**DIRECTIONS FOR THIS TASK**
Although the data below contains pictures, output only the lines between those holding "What brand is this monitor?" and "Ensure brevity in", inclusive, exactly and without those pictures.

**SUPPLIED MATERIAL**
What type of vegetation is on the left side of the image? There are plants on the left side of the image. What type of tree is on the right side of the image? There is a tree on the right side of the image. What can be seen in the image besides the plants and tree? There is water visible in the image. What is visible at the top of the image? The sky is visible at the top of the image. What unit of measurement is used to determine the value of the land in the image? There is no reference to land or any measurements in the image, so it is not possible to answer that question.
...
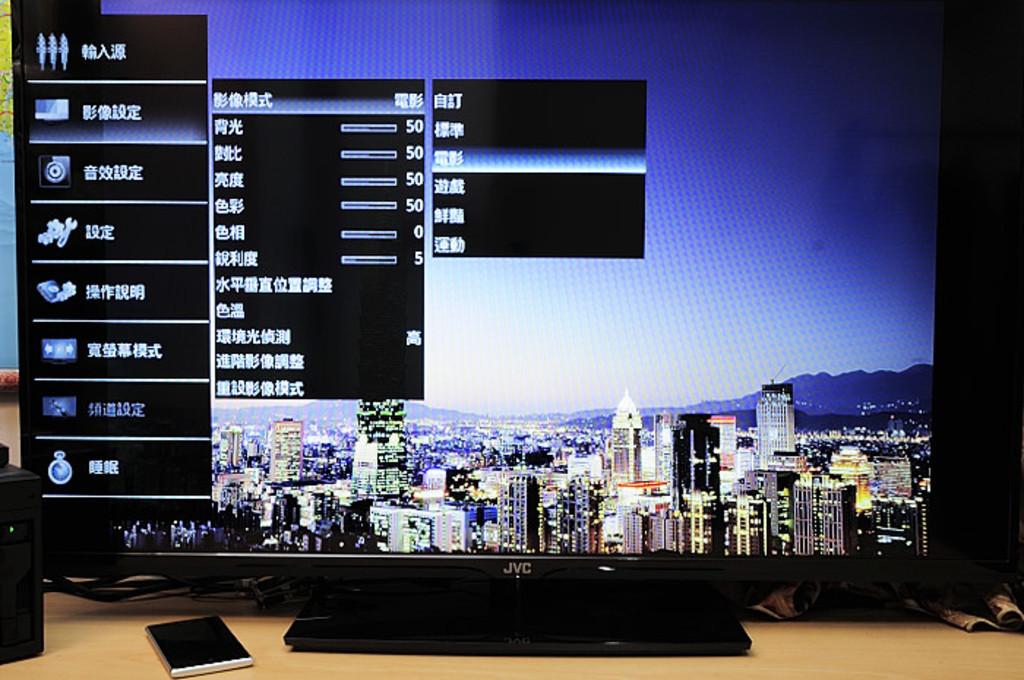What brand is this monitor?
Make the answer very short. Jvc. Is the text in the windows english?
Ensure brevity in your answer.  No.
---
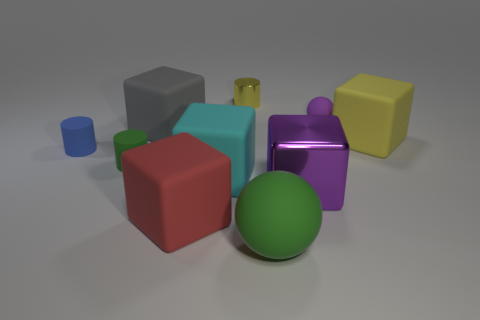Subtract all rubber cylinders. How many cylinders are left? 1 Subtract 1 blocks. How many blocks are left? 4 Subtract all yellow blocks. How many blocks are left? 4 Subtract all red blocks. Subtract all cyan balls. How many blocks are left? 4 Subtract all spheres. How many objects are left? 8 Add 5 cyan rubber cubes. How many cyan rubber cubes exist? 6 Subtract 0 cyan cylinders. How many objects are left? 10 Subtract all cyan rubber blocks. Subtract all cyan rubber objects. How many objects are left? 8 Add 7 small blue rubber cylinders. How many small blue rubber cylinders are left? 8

**EXERCISE RESULT**
What brand is this monitor?
Make the answer very short. Jvc. Is the text in the windows english?
Ensure brevity in your answer.  No.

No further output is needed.